An enlarged partial view of the part shown in the figure, FIG. 10 is a sectional view of FIG. 1, FIG. 10 is a sectional view of the stopper ring of FIG. 8, and FIG. 11 is a longitudinal section showing a modification of the stopper ring It is a diagram. 1...Grip, 2...Connection tube, 2a...
...flexible part, 3...objective part, 5...eyepiece part, 15,
16... Wire, 50, 51... Sleeve, 5
8, 60... O-ring, 28, 29... Rotating shaft,
31, 32... Winding reel.

Claims (1)

[Claims] 1 Operation of the objective part of a fiberscope in which a flexible part that can be bent freely is formed in the connecting tube that connects the objective part and the grip, and the flexible part is bent by pulling a manipulation wire that engages with the tip end side of the flexible part.

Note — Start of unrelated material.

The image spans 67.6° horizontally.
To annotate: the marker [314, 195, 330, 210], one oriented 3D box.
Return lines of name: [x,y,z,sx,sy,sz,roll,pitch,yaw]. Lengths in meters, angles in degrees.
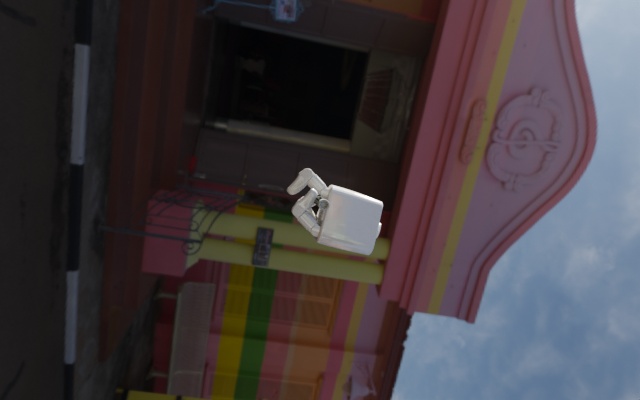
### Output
marker: [0.000,0.003,0.860,0.020,0.020,0.121,0,4,-6]

In the device, a rotating shaft having a handle is rotatably supported by a grip, a wire take-up reel rotatably fitted to the rotating shaft, and a wire winding reel that is movable in the axial direction and fixed in the rotational direction with respect to the rotating shaft. A clutch ring and a sleeve that is screwed onto the rotating shaft are arranged in sequence in the axial direction, and dog teeth that can freely mesh are formed between the clutch ring and the reel, and a clutch spring moves the clutch ring to a non-meshing position. energizes the sleeve, clutch ring,
A take-up reel and a clutch spring constitute a clutch mechanism for intermittent winding drive force, the sleeve is brought into contact with the clutch ring, an elastic ring is fitted into the outer circumferential groove of the sleeve, and the elastic ring is rotated to a predetermined rotational torque or higher. The sleeve is pressed against the inner circumferential wall of the grip so as to slide in the rotational direction, and the rotation of the rotating shaft in one direction moves the sleeve in the axial direction toward the clutch ring, engaging the dog teeth, and subsequently rotating the take-up reel. 1. An objective part operating device for a fiberscope, characterized in that the objective part operating device is adapted to be operated.